We can take hcf of as 1st numbers and next number as another number to apply in Euclidean lemma

Step 1: Since 15 > 1, we apply the division lemma to 15 and 1, to get

15 = 1 x 15 + 0

The remainder has now become zero, so our procedure stops. Since the divisor at this stage is 1, the HCF of 1 and 15 is 1

Notice that 1 = HCF(15,1) .

Here are some samples of HCF using Euclid's Algorithm calculations.

• HCF of 787, 912, 95
• HCF of 622, 132, 17
• HCF of 437, 437, 49
• HCF of 829, 144, 64
• HCF of 469, 955, 82

1. What is the Euclid division algorithm?

Answer: Euclid's Division Algorithm is a technique to compute the Highest Common Factor (HCF) of given positive integers.
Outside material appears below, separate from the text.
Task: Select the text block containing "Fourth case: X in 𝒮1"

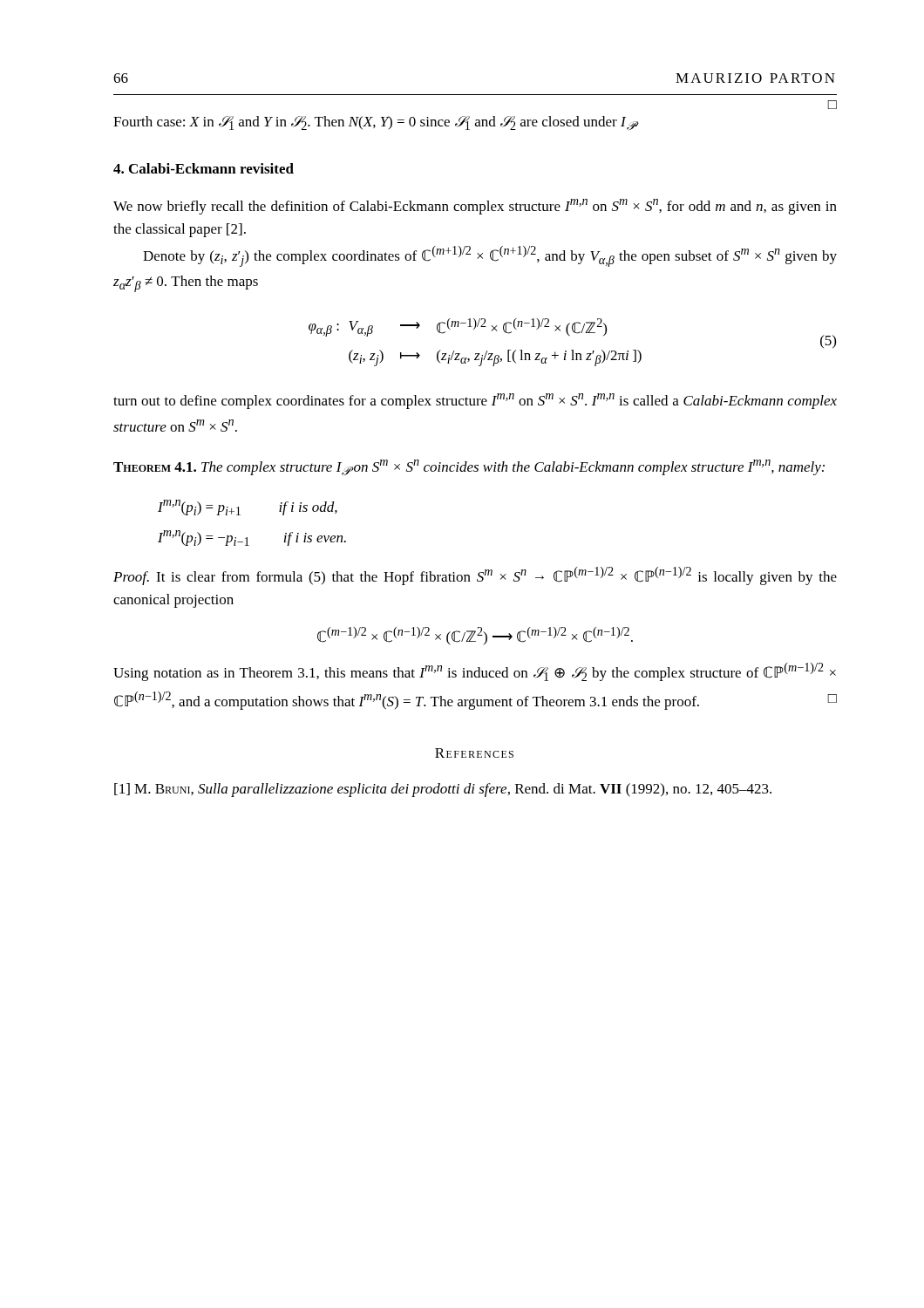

2. what is the HCF of 280, 807, 15?

Answer: HCF of 280, 807, 15 is 1 the largest number that divides all the numbers leaving a remainder zero.

3. How to find HCF of 280, 807, 15 using Euclid's Algorithm?

Answer: For arbitrary numbers 280, 807, 15 apply Euclid’s Division Lemma in succession until you obtain a remainder zero. HCF is the remainder in the last but one step.